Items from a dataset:
+++

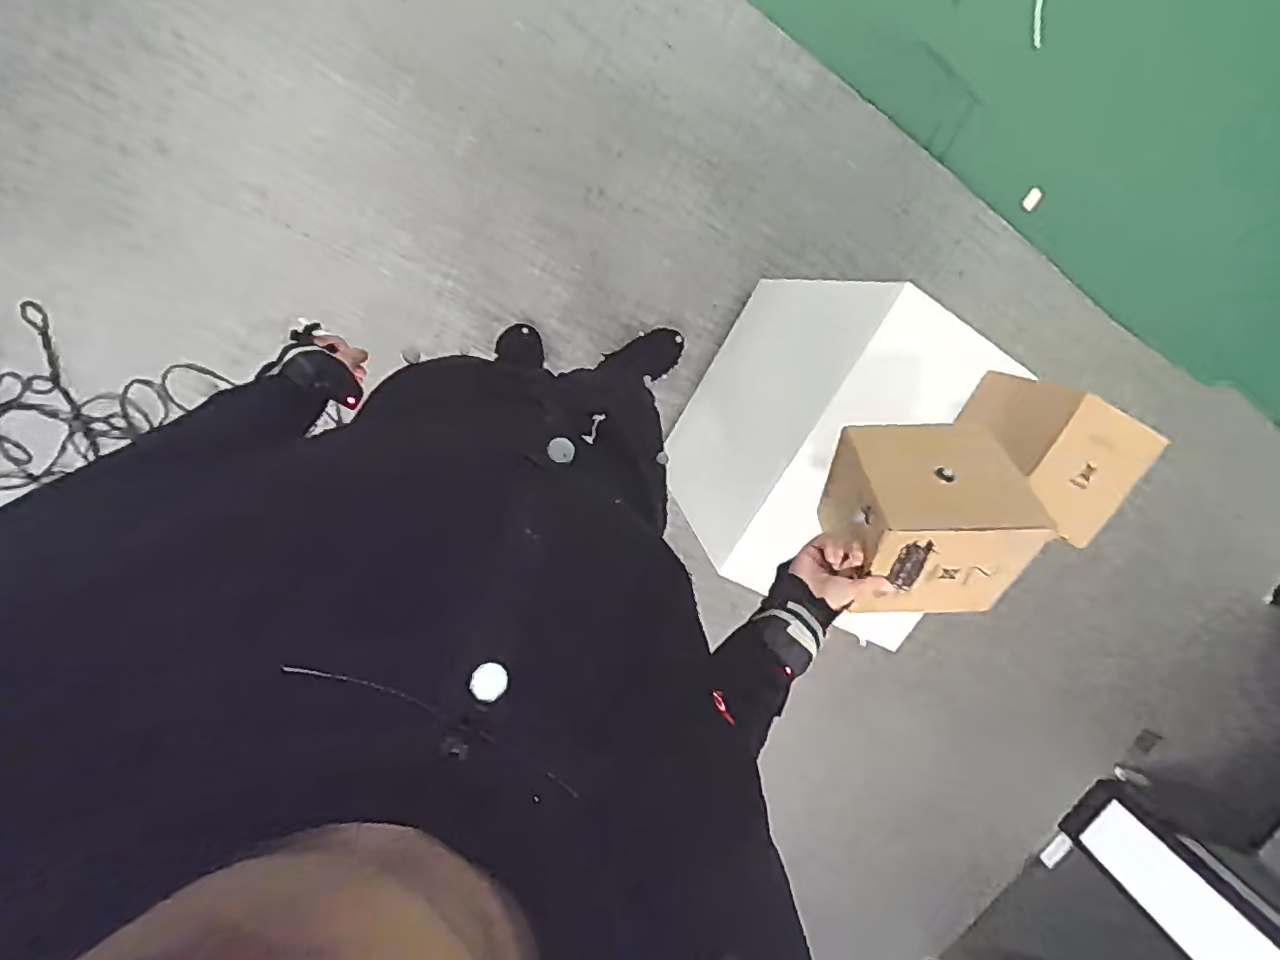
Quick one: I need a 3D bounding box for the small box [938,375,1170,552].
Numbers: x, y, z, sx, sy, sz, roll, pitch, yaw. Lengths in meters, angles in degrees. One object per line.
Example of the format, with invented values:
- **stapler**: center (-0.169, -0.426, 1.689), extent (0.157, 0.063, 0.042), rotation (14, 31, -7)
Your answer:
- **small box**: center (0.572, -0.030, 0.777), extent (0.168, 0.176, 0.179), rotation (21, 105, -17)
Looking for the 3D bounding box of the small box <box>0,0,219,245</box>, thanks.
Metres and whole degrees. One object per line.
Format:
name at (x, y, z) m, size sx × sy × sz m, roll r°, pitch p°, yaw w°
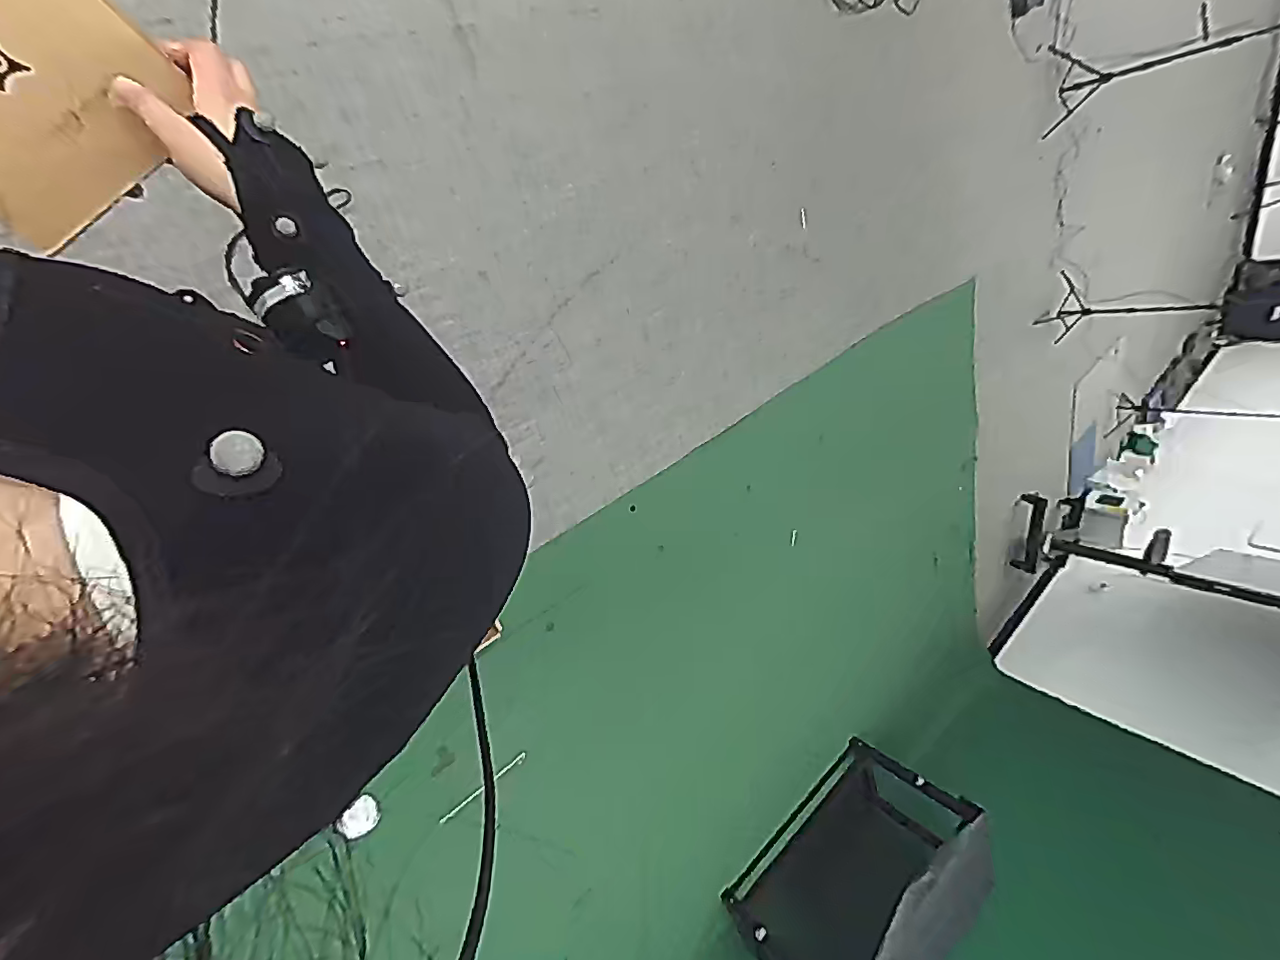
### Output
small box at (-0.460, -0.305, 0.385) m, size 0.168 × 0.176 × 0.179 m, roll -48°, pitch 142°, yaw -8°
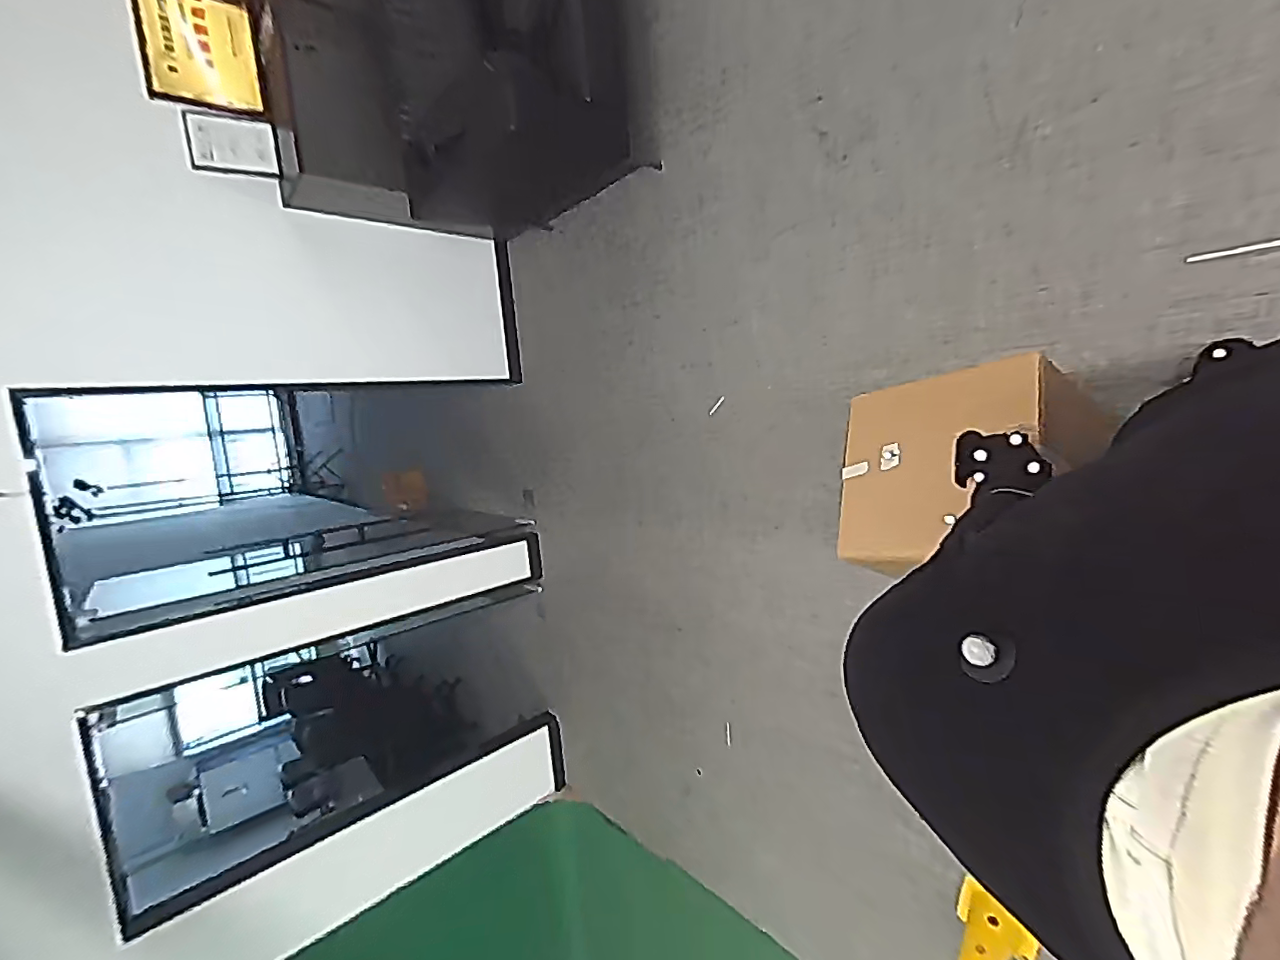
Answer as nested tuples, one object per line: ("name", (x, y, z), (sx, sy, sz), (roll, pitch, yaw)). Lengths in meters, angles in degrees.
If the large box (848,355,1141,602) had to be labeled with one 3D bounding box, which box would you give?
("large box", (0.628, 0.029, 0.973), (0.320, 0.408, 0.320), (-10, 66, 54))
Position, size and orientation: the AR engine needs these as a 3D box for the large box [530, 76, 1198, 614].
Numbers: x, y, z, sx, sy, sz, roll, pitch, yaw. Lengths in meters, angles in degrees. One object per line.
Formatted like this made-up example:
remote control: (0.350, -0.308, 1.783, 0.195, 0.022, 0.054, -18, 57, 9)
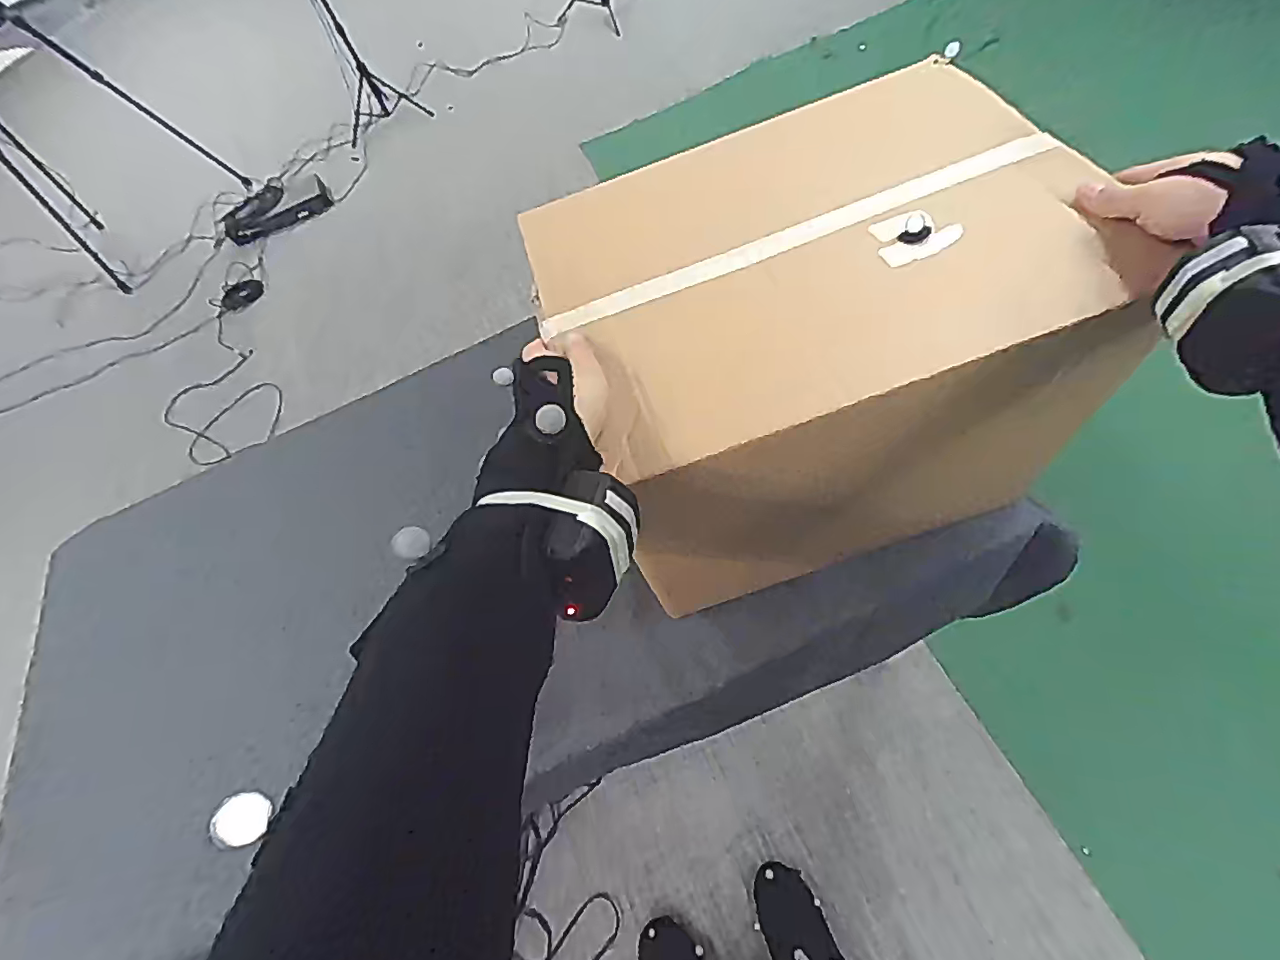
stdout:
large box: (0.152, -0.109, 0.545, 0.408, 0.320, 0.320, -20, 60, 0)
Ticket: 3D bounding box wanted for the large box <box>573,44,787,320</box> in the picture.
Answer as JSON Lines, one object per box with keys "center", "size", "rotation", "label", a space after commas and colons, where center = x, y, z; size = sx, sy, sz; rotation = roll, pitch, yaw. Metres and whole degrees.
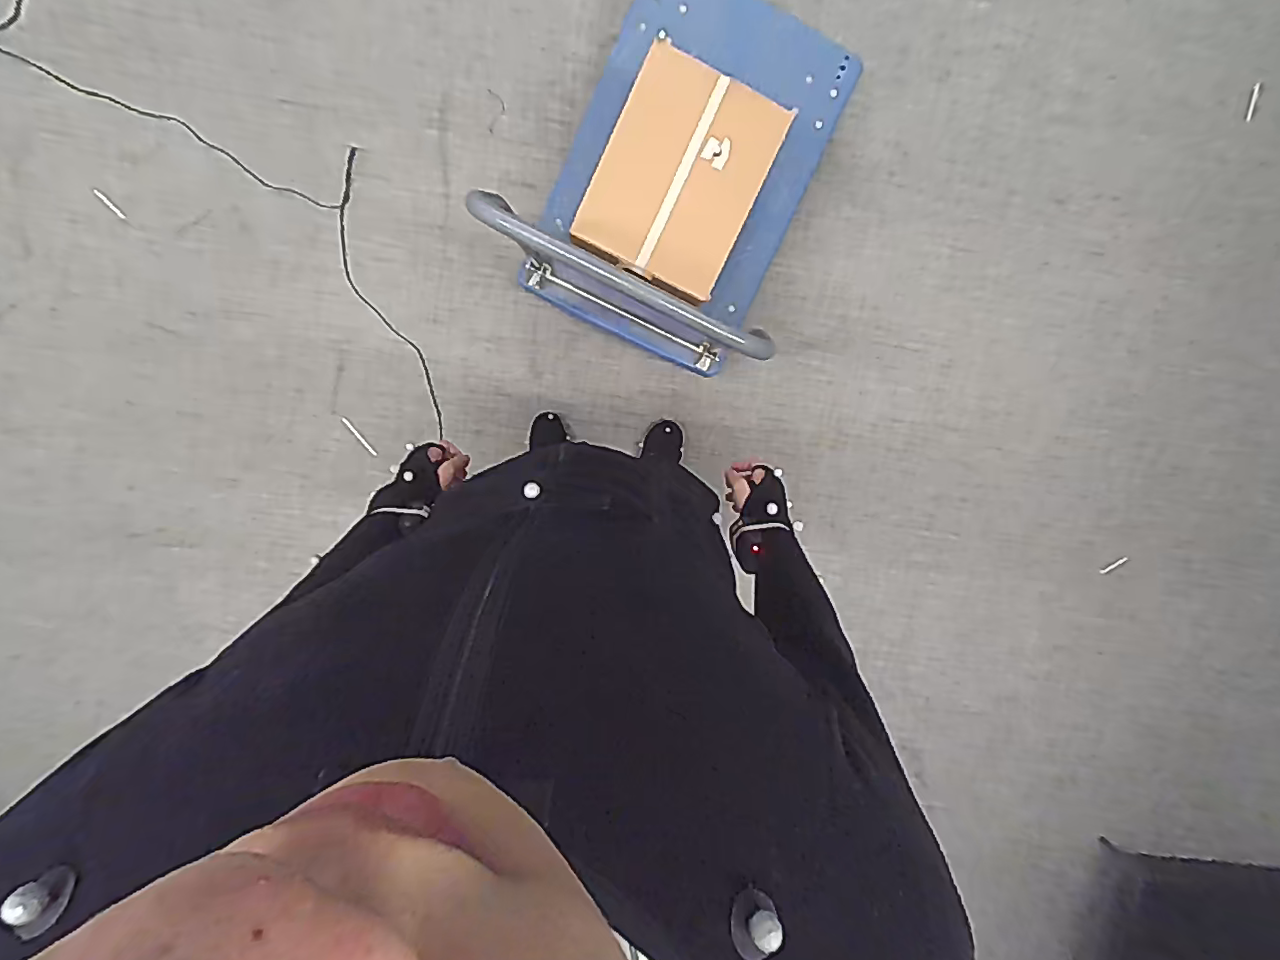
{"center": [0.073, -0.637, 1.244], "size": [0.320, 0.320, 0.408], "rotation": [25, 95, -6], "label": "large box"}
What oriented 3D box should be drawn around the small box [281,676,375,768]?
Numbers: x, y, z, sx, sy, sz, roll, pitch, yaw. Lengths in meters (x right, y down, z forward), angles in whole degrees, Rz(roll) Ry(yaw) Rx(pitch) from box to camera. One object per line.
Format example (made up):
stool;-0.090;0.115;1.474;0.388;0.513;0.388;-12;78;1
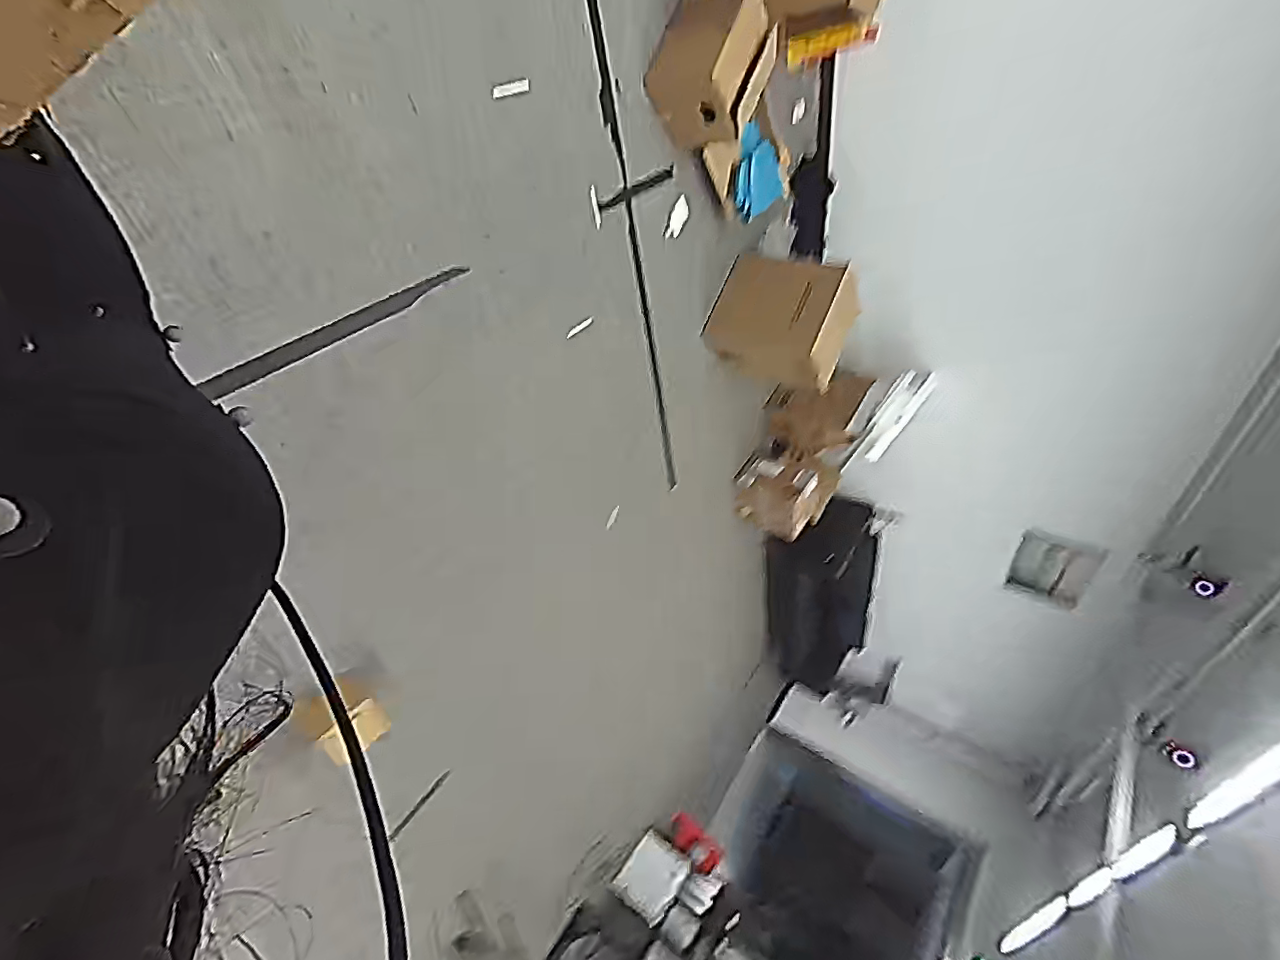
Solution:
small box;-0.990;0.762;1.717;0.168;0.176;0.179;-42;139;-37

+++

- **About this task**: Since the pictures are not wanted, write out the rest of the data exactly as it reads.

- **Your solution**:
Quick one: I need a 3D bounding box for the small box [938,375,1170,552].
Numbers: x, y, z, sx, sy, sz, roll, pitch, yaw. Lengths in meters, angles in degrees. One object per line.
Example of the format, with invented values:
- **stapler**: center (-0.169, -0.426, 1.689), extent (0.157, 0.063, 0.042), rotation (14, 31, -7)
Your answer:
- **small box**: center (0.572, -0.030, 0.777), extent (0.168, 0.176, 0.179), rotation (21, 105, -17)
Looking for the 3D bounding box of the small box <box>0,0,219,245</box>, thanks.
Metres and whole degrees. One object per line.
Format:
name at (x, y, z) m, size sx × sy × sz m, roll r°, pitch p°, yaw w°
### Output
small box at (-0.460, -0.305, 0.385) m, size 0.168 × 0.176 × 0.179 m, roll -48°, pitch 142°, yaw -8°
Answer as nested tuples, one object per line: ("name", (x, y, z), (sx, sy, sz), (roll, pitch, yaw)). Lengths in meters, angles in degrees.
If the large box (848,355,1141,602) had to be labeled with one 3D bounding box, which box would you give?
("large box", (0.628, 0.029, 0.973), (0.320, 0.408, 0.320), (-10, 66, 54))
Position, size and orientation: the AR engine needs these as a 3D box for the large box [530, 76, 1198, 614].
Numbers: x, y, z, sx, sy, sz, roll, pitch, yaw. Lengths in meters, angles in degrees. One object per line.
Formatted like this made-up example:
remote control: (0.350, -0.308, 1.783, 0.195, 0.022, 0.054, -18, 57, 9)
stdout:
large box: (0.152, -0.109, 0.545, 0.408, 0.320, 0.320, -20, 60, 0)
Ticket: 3D bounding box wanted for the large box <box>573,44,787,320</box> in the picture.
Answer as JSON Lines, one object per box with keys "center", "size", "rotation", "label", a space after commas and colons, where center = x, y, z; size = sx, sy, sz; rotation = roll, pitch, yaw. Metres and whole degrees.
{"center": [0.073, -0.637, 1.244], "size": [0.320, 0.320, 0.408], "rotation": [25, 95, -6], "label": "large box"}
What oriented 3D box should be drawn around the small box [281,676,375,768]?
Numbers: x, y, z, sx, sy, sz, roll, pitch, yaw. Lengths in meters (x right, y down, z forward), angles in whole degrees, Rz(roll) Ry(yaw) Rx(pitch) from box to camera. One object per line.
Format example (made up):
stool;-0.090;0.115;1.474;0.388;0.513;0.388;-12;78;1
Solution:
small box;-0.990;0.762;1.717;0.168;0.176;0.179;-42;139;-37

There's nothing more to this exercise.